Authorities were counting the cost to the environment even as the fires still raged on Tuesday.

“Half of the Plaine des Maures nature reserve has been devastated,” said Concha Agero, deputy director of the French Office of Biodiversity.

A Canadair CL 415 aircraft drops water on a forest to try to extinguish a wildfire, near Gonfaron, in the department of Var [Nicolas Tucat/AFP]

Charred power lines lay on the ground on Tuesday, and many trees were burned around their trunks but their branches were intact, suggesting the fire had ripped through at speed.

Technicians on Wednesday began trying to restore phone and electricity lines.

A summer of wildfires has swept across the Mediterranean region, leaving areas in Greece, Turkey, Italy, Algeria and Spain, among other countries, in smouldering ruins.

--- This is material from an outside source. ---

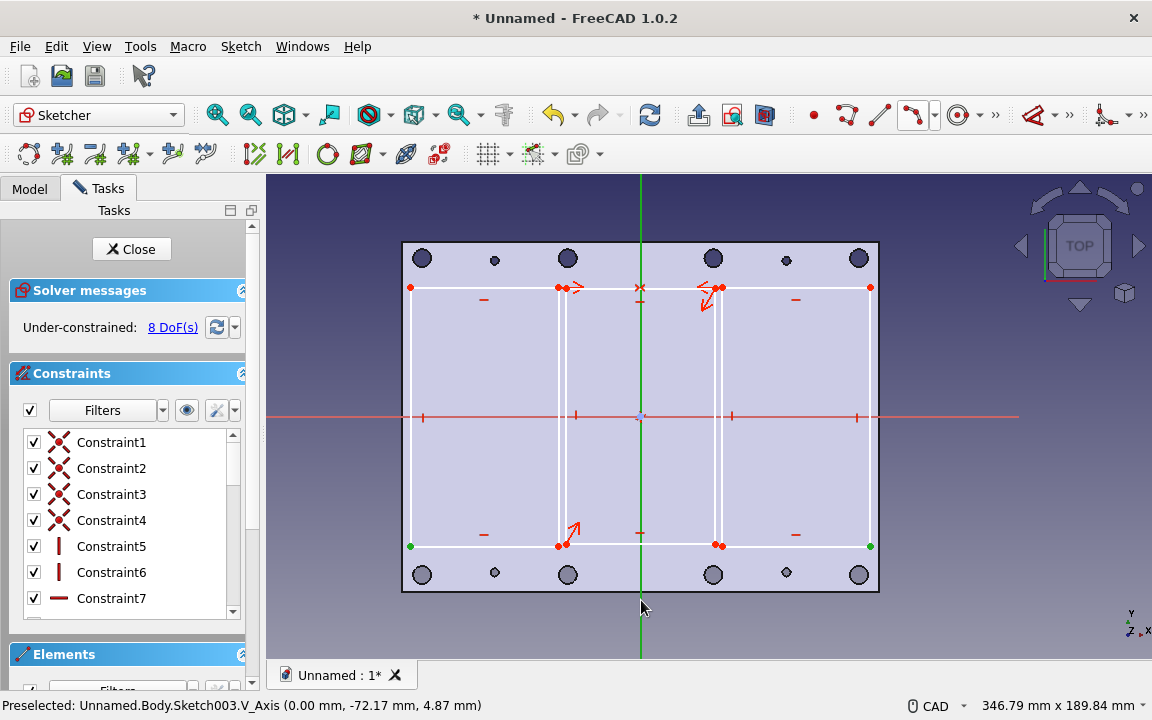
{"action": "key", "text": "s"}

The fires have killed at least 75 people in Algeria and 16 in Turkey.

The Mediterranean basin has long faced seasonal wildfires linked to its dry and hot weather in the summer, but climate scientists warn they will become increasingly common because of man-made global warming.

Worsening drought and heat – linked to climate change – have also fuelled wildfires this summer in the western United States and Russia’s northern Siberia region.

Climate scientists say there is little doubt that climate change from the burning of coal, oil and natural gas is driving extreme events, such as heatwaves, droughts, wildfires, floods and storms.